Best Practices for Rendering Structured Content into PDFs with @datocms/structured-text-to-html-string

maj.koren · July 31, 2025, 3:46pm

We’re using DatoCMS to manage rich course content (including StructuredText, images, and custom blocks), and we’re working on generating printable PDFs from that content in our frontend app.

Here’s what we’re doing:

We render StructuredText fields into static HTML using @datocms/structured-text-to-html-string.
That HTML is placed in a DOM node and passed to react-to-pdf, which uses html2canvas to snapshot the node and create a PDF.

What’s working:

Text and standard block-level content are rendering correctly.
We’re successfully handling block rendering via the renderBlock() function.

What’s not:

Images (ImageBlockRecord) are displayed in the DOM using responsiveImage.src, but do not appear in the PDF.

Additional context:

There are other custom blocks (e.g. AlertRecord, QuoteRecord) that we plan to support, but haven’t implemented yet — we’re currently focused on solving the image rendering first.

Framework and Version:

Framework: Next.js 15 (App Router)
PDF Tool: react-to-pdf (based on html2canvas)
DatoCMS Rendering: @datocms/structured-text-to-html-string with renderBlock

What we’d like to know:

Are there any alternative approaches you recommend for generating PDFs from structured DatoCMS content — particularly when rendering inline images?

We’re open to:

SSR or build-time tools,
PDF generators you know work well with DatoCMS,
Client-side rendering alternatives to react-to-pdf,
Or any general advice for reliably exporting structured content and media as PDFs.
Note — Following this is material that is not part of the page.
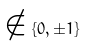<formula> <loc_0><loc_0><loc_500><loc_500>\notin \{ 0 , \pm 1 \}</formula> 
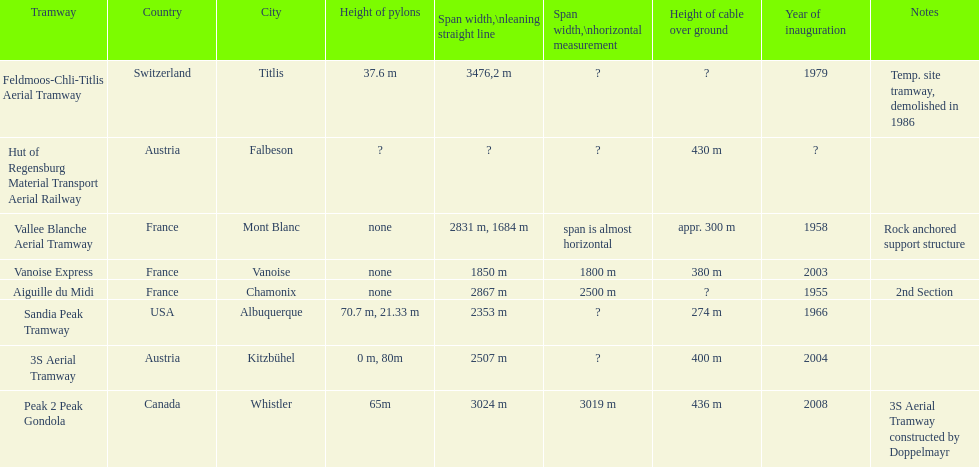Was the peak 2 peak gondola inaugurated before the vanoise express? No.

Thanks so much for your time and support!

Best regards,
Maj

roger · July 31, 2025, 5:36pm

Hi @maj.koren,

Welcome to the DatoCMS forum!

Hmm… This is a very interesting question, but I don’t think it’s really about DatoCMS at that point. I’m not an expert in this area, but I’ll share what limited knowledge I have…

First, just to directly answer your question:

Your link to the PDF lib is broken, and I unfortunately don’t know why it’s not rendering the images That might be an issue to raise with the lib maintainers, or you can try using CSS and media-queries to hide/show a certain kind of image. It’s possible that lib is having issues with srcSets or tags or such, hard to say without knowing specifically how they are parsing the DOM.

We also have libs to help with a more direct conversion from Structured Text to DOM nodes: https://github.com/datocms/structured-text/tree/main/packages/to-dom-nodes

If that helps.

Thoughts on the overall approach…

But overall, my understanding is that by the time you have ready DOM, the page no longer has much to do with our servers or even our frontend components. It’s all just HTML/CSS/images at that point.

Thus, regardless of your CMS, backend, or frontend, the rendered output is just a HTML page, and it’s up to your PDF output engine to handle conversion from that to a PDF.

Unfortunately, both HTML and PDF are extremely complex formats, and there will inevitably be a loss in fidelity going between them, especially since they have completely different page size/layout and pagination models — an infinite canvas vs defined page sizes.

Your link to the PDF lib is broken and I’m not sure why it’s not rendering images, but I think going from React to PDF is always going to be a losing game, as any lib that has to understand and parse out individual components would have to keep up with the frequent pace of React updates and the huge ecosystem of third-party libs and approaches on top of it…

Using a headless browser instead

What if you bypassed that and used a headless browser (via Playwright or similar) to automate the PDF output that way… basically it’s a script that would spin up a browser, navigate to the page, and then “print to PDF” for you, using the browser or operating system’s own PDF output system to generate the file. See https://playwright.dev/docs/api/class-page#page-pdf and https://www.checklyhq.com/learn/playwright/generating-pdfs/#generating-a-pdf-file

But even then, you would have to deal with the different responsiveness and pagination models. You’d have to make sure the viewport width is set to a size that looks good on whatever sized paper you want in the PDF. Some text and images will inevitably get chopped off at inconvenient places, between pages.

As far as I know, there is no simple, foolproof way to do this… you’d have the same issues going from any sort of pageless format to PDF (like a spreadsheet or ePub).

But I think a Playwright+browser-based approach would be easier to use (and far less likely to break) than anything that actually tries to parse the DOM. Rendering a DOM is hard enough on its own (which is why we only have the three browser renderers in the world), and having to then convert that to PDF is very much not trivial. Even when you manually “print to PDF” from a browser, variances and mistakes will occur depending on your particular PDF engine and the specifics of your HTML…

There is also Gotenberg, if you want something more containerized.